Member of the Delaware House of Representatives from the 17th district
- In office January 12, 1999 – January 8, 2019
- Preceded by: Jeffrey G. Mack
- Succeeded by: Melissa Minor-Brown

Personal details
- Born: December 31, 1955 (age 70)
- Party: Democratic

= Michael Mulrooney =

American politician (born 1955)

Michael P. Mulrooney (born December 31, 1955) is an American politician.

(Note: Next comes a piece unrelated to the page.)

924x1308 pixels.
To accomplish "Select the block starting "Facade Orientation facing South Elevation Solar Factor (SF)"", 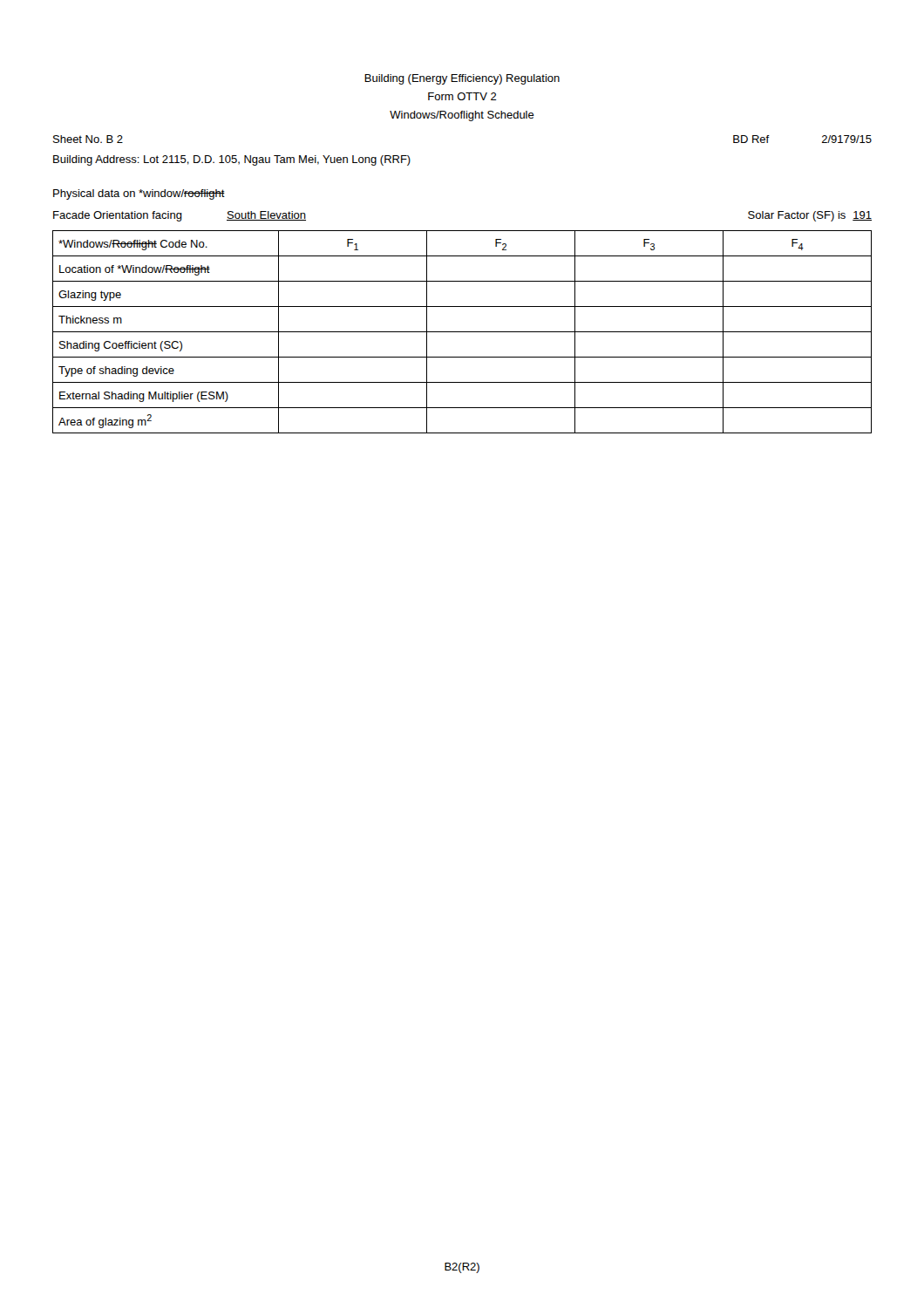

He was a Democratic member of the Delaware House of Representatives from 1999 to 2019, representing District 17. He graduated from John Dickinson High School and apprenticed with the International Brotherhood of Electrical Workers.

==Electoral history==
- In 1998, Mulrooney won the general election with 2,418 votes (53.5%) against Republican nominee Douglas Salter to replace retiring Republican Jeffrey G. Mack.
- In 2000, Mulrooney won the general election with 5,127 votes (74.0%) against Republican nominee Michael Shaw.
- In 2002, Mulrooney was unopposed in the general election, winning 4,340 votes.
- In 2004, Mulrooney won his only challenge in the Democratic primary with 1,198 votes (79.3%), and went on to win the general election with 6,590 votes (81.9%) against Republican nominee Phillip Simpkins.
- In 2006, Mulrooney won the general election with 4,619 votes (84.2%) against Republican nominee David Osborn.
- In 2008, Mulrooney won the general election with 6,981 votes (83.4%) in a rematch against Republican nominee David Osborn.
- In 2010, Mulrooney was unopposed in the general election, winning 5,108 votes.
- In 2012, Mulrooney won the general election with 7,297 votes (81.1%) against Republican nominee Laura Brown.
- In 2014, Mulrooney was unopposed in the general election, winning 3,860 votes.
- In 2016, Mulrooney was unopposed in the general election, winning 7,721 votes.